British International Investment
22 January 2024

How and why we finance SMEs

BII sees opportunities for impact in firms of all sizes. Sole-traders, microenterprises, small, medium, and large firms are all sometimes unable to find the financing they need, to the detriment of society. The growth of firms is at the heart of development. Countries escape poverty as people move out of informal employment into wage-paying jobs at larger and more productive firms. There is a striking absence of large firms in many of the countries where BII invests.  

The lack of suitable finance is a well-known constraint on the growth of small and medium enterprises. The answer seems obvious: increase supply. But the persistence of this problem over time and across countries tells us that it is not so easily solved.

This paper tells the story of BII’s efforts to close the SME financing gap, tries to explain why the gap exists, and examines what the evidence has to say about the development impact of improving access to finance for SMEs. We have drawn from a review of the impact of small and medium-sized enterprises, “Why SMEs matter?” that BII commissioned from the International Growth Centre.

Banks are a big part of our story. In the past, in less developed financial sectors, our priority was often simply to strengthen and grow banks. As banks mature, our support can become more targeted, helping them shoulder the risks of SME lending and expand into more impactful areas, such as green lending.  

Bank lending practices are evolving, often in response to opportunities created by digital technologies and new sources of information about borrowers. The arrival of new digital lenders, offering borrowers quick decisions without asking for collateral, has shaken up the market. We often support these new entrants via fund managers who specialise in financial technologies.  
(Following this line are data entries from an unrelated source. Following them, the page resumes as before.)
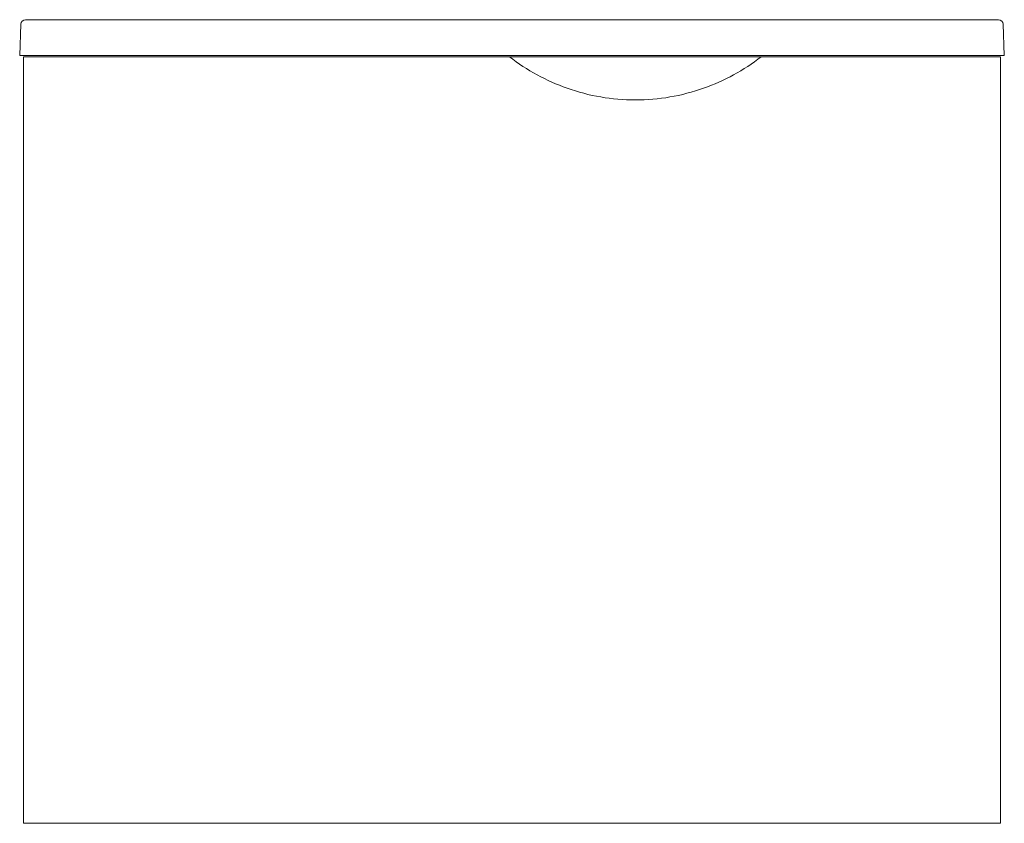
# Model space of a CAD drawing. Header units: millimetres. Extents: x 4076.918 to 4077.329, y 1524.205 to 1524.541.
import ezdxf

# ---------------------------------------------------------------- set-up
doc = ezdxf.new("R2010")
doc.units = ezdxf.units.MM
doc.linetypes.add('SLD-Solid', pattern=[0])
doc.layers.add('SANINDUSA', color=3, linetype='Continuous')

msp = doc.modelspace()

# ---------------------------------------------------------------- linework, layer by layer
at = {"layer": 'SANINDUSA', "linetype": 'SLD-Solid', "lineweight": 15}
for p, q in [((4076.918173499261, 1524.525784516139), (4076.918629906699, 1524.538854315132)), ((4076.920628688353, 1524.540784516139), (4077.326765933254, 1524.540784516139)), ((4077.328764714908, 1524.538854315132), (4077.329221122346, 1524.525784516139)), ((4076.920172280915, 1524.525784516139), (4076.918173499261, 1524.525784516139)), ((4076.919697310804, 1524.525284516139), (4076.919697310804, 1524.205284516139)), ((4077.122697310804, 1524.525284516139), (4076.919697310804, 1524.525284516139)), ((4076.920172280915, 1524.525784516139), (4077.327222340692, 1524.525784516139)), ((4077.122697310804, 1524.525284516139), (4077.227697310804, 1524.525284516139)), ((4077.327697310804, 1524.525284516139), (4077.227697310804, 1524.525284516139)), ((4077.329221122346, 1524.525784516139), (4077.327222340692, 1524.525784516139)), ((4077.327697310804, 1524.525284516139), (4077.327697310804, 1524.205284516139)), ((4077.327697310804, 1524.205284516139), (4076.919697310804, 1524.205284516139))]:
    msp.add_line(p, q, dxfattribs=at)
for centre, radius, start, end in [((4076.920628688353, 1524.538784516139), 0.00199999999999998, 90, 177.9999999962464), ((4077.326765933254, 1524.538784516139), 0.002000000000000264, 2.000000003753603, 90), ((4077.175197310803, 1524.592847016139), 0.08556250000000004, 232.1507111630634, 250.5448428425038), ((4077.175197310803, 1524.592847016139), 0.08556249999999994, 289.4551572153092, 307.8492888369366), ((4077.175197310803, 1524.592847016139), 0.08556249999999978, 250.5448428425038, 270), ((4077.175197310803, 1524.592847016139), 0.08556249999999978, 270, 289.4551572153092)]:
    msp.add_arc(centre, radius, start, end, dxfattribs=at)

doc.saveas('drawing.dxf')

But digital credit typically serves the smaller end of the SME spectrum. Larger SMEs sometimes want larger loans, on flexible terms that are better suited to financing investments for growth. To meet that need, we often turn to SME financing specialists with more hands-on business models. The latest milestone in our SME financing journey is Growth Investment Partners, a business that BII has founded in Ghana to provide patient and flexible risk-bearing finance to larger SMEs, based on careful assessments of the borrower’s growth prospects. It is a model we hope to replicate elsewhere.  

There is no single answer to the problem of SME financing. Our approach is to support continued innovation and diversity in the financial sector. The needs of SMEs are varied, and the solutions must be varied too. We want to keep learning, and we hope you will learn something from our journey so far.